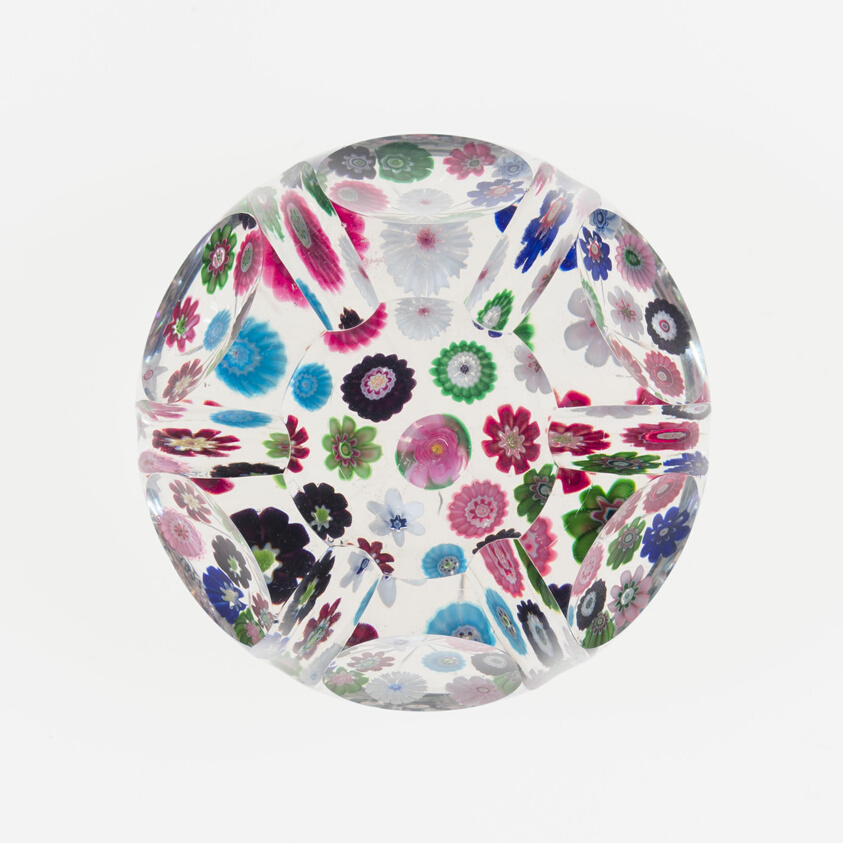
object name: Glass
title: Paperweight
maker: Clichy Glassworks (Cristalleries de Clichy); Clichy, France, 1837-1885
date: 19th century
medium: Glass
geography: Clichy
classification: paperweight; millefiori; european decorative arts; glass

→ Problem requirements
Your copy should restate every record word for word and contain no pictures.

→ Written solution
object name: Glass
title: Paperweight
maker: Clichy Glassworks (Cristalleries de Clichy); Clichy, France, 1837-1885
date: 19th century
medium: Glass
geography: Clichy
classification: paperweight; millefiori; european decorative arts; glass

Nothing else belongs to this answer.